Instabilité et mécontentement croissants

Alors que les manifestations anti-corruption s’intensifiaient ces derniers mois, la répression menée par l’état a vraisemblablement été brutale, et certains prédisent une nouvelle agitation politique au cours de l’année à venir.

Par exemple, de nombreux enseignants du pays n’ont pas été payés pendant de longues périodes. Pendant ce temps, la police aurait agressé des journalistes couvrant les récentes manifestations. Les avocats sont également en grève pour protester contre les violences policières. Les chauffeurs de taxi et de motocyclistes se sont également joints au mouvement par solidarité. Le gouvernement fait face à une colère grandissante, les plaintes concernant les systèmes de stockage des ordures ménagères et des déchets étant de plus en plus nombreuses.

Les victimes des récentes violences de l’état ont indiqué que les attaques étaient clairement ciblées politiquement et visaient les quartiers qui constituent une base de soutien pour les opposants au gouvernement PHTK (qui entretient des relations étroites avec Washington et l’ONU).

Au lendemain des dernières violences commises par l’état, l’ambassade américaine de Trump à Port-au-Prince a salué le « professionnalisme » de la police haïtienne, et a envoyé Kenneth Merten, l’ancien ambassadeur nommé par Clinton, pour conseiller le gouvernement haïtien. En bref, quand il s’agit de contenir les citoyens laissés pour compte d’Haïti, le consensus bipartite de Washington sur la politique étrangère est tout à fait inébranlable.

Après des semaines de violences, Amnesty International a fini par publier une déclaration vague appelant les autorités haïtiennes à éviter « l’utilisation excessive de la force ». Alors que quelques petits organes de presse ont rapporté les attaques, les médias en Haïti sont largement dominés par de puissants intérêts commerciaux. Et les médias internationaux ont également été accusés de fermer les yeux sur ce qui se passait en Haïti.

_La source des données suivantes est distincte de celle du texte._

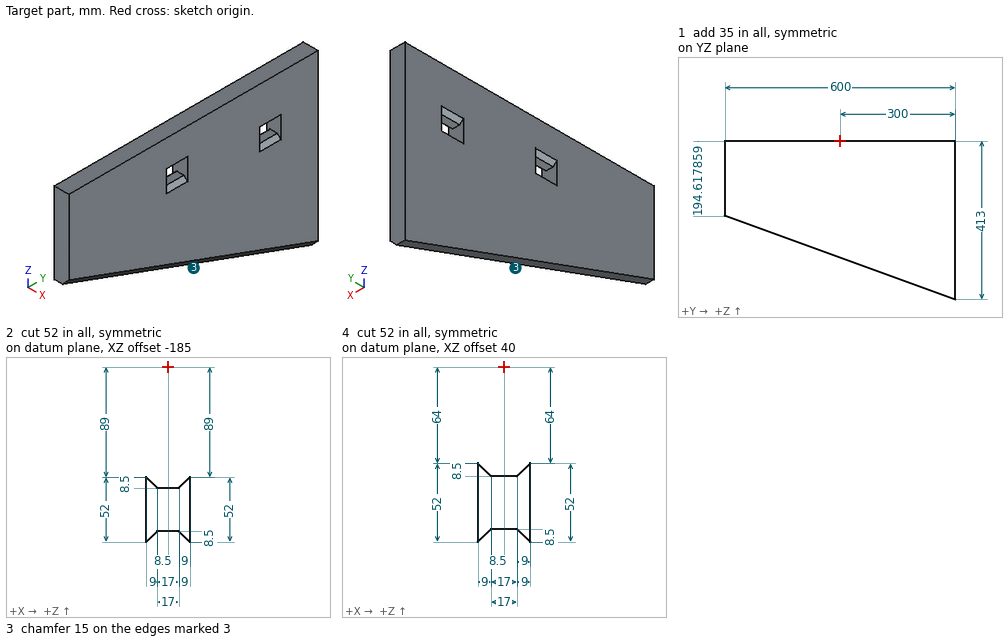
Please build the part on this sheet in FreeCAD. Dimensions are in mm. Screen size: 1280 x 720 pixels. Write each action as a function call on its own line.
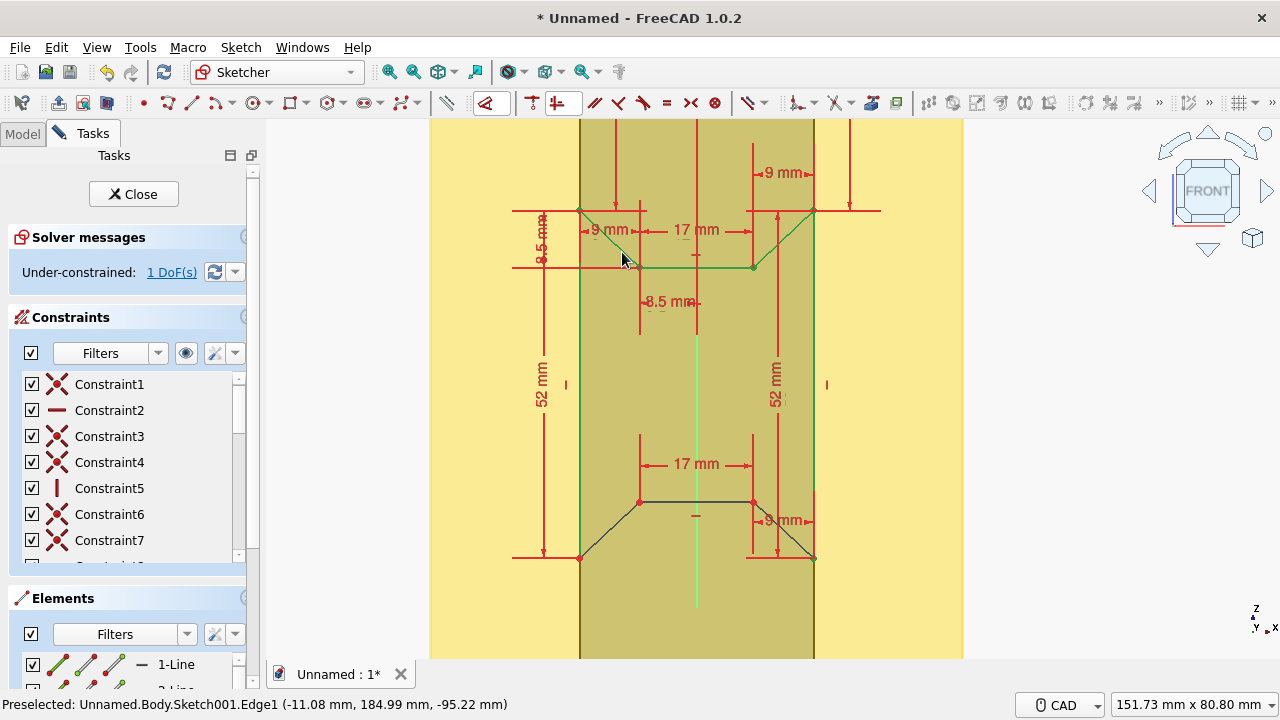
click(796, 541)

La situation désespérée d’Haïti continue

La situation est désespérée. Le nouvel « argent du tremblement de terre » qui a afflué dans le pays n’est pas arrivé dans les poches des personnes qui en ont besoin. Une grande partie de la population est structurellement marginalisée et le gouvernement n’investit pas dans les programmes sociaux ou l’éducation. En attendant, la brutalité policière est devenue monnaie courante, notamment dans les prisons du pays ; et en même temps, Haïti est confrontée à nouveau à un problème d’orphelins dans sa capitale, qui reflète son incapacité à investir dans les infrastructures sociales.

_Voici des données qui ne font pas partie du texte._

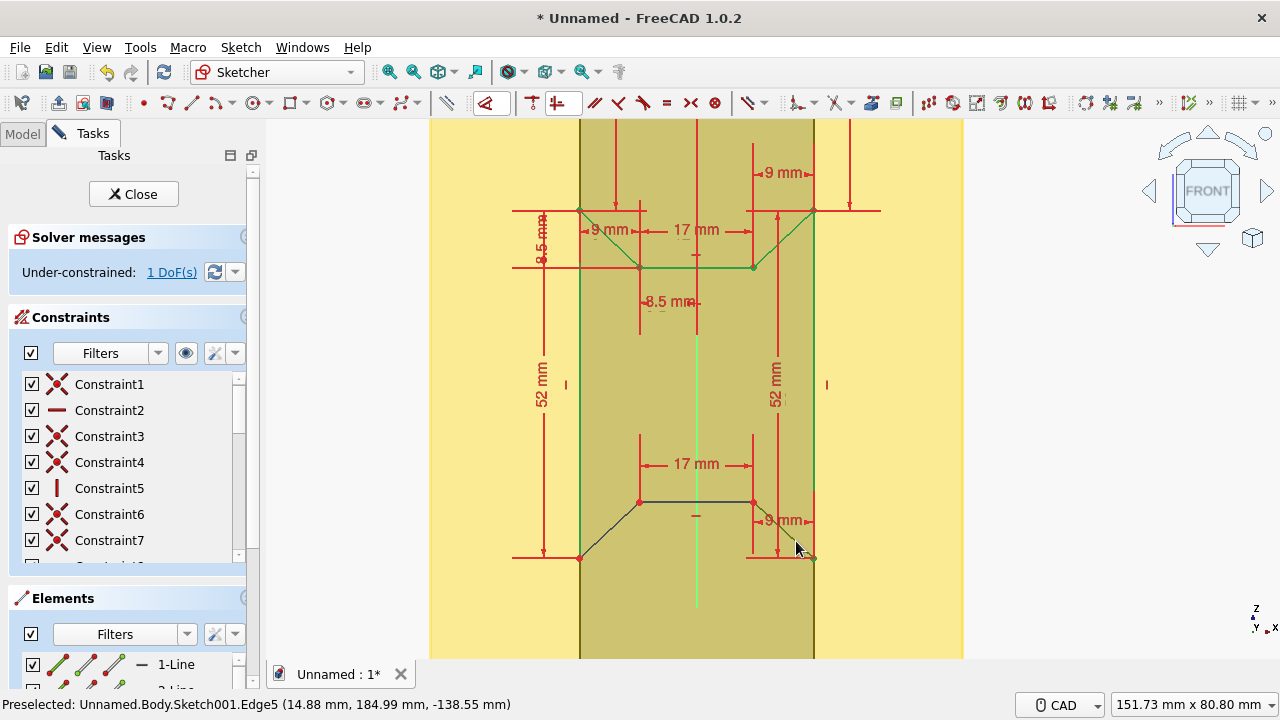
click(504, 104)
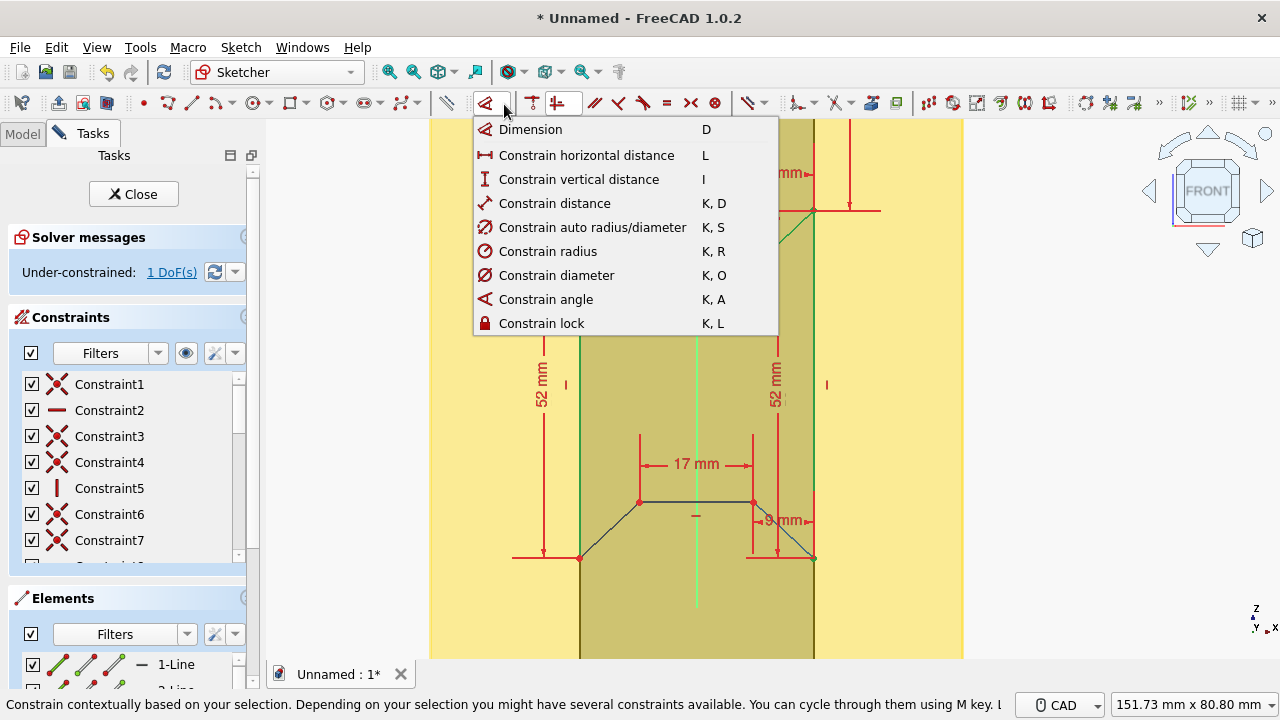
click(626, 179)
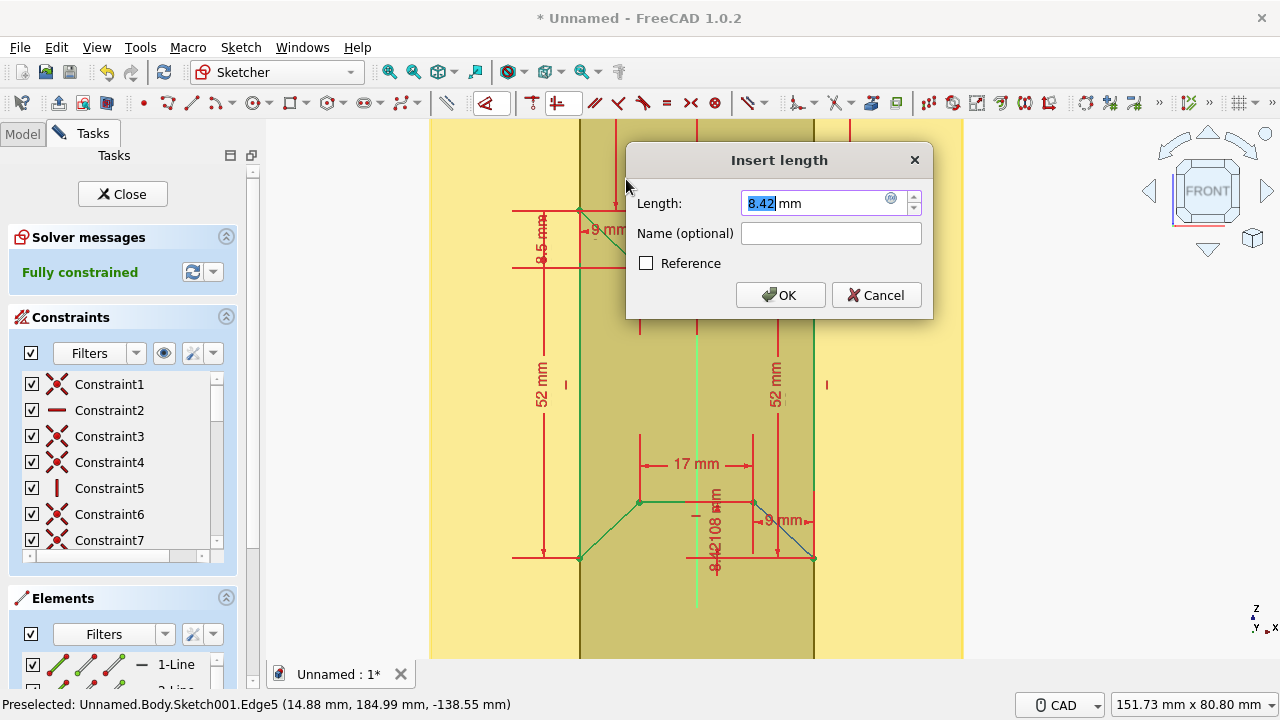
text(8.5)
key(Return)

Comme je l’ai expliqué récemment dans une interview avec RT : à la suite du coup d’état de 2004 et du tremblement de terre de 2010, des responsables américains et onusiens et diverses élites locales et internationales ont cherché à transformer le pays de manières politique et économique en une plateforme stable pour les sociétés transnationales. Cela a impliqué de mettre à l’écart des acteurs politiques activistes et de reconstituer un appareil paramilitaire, mais qui agit de manière plus flexible et rapide. Et c’est une stratégie meurtrière à laquelle nous assistons maintenant.

Jeb Sprague

Jeb Sprague est un lecturer (Maître de conférences) à l’Université de Virginia. Il est l’auteur de Globalizing the Caribbean : Political Economy, Social Change, and the Transnational Capitalist Class (Temple University Press, 2019) et Paramilitarism and the Assault on Democracy in Haiti (Monthly Review Press, 2012). Il est l’éditeur de Globalization and Transnational Capitalism in Asia and Oceania (Routledge, 2016). Il est l’un des co-fondateurs du Network for the Critical Studies of Global Capitalism (réseau d’études critiques du capitalisme global).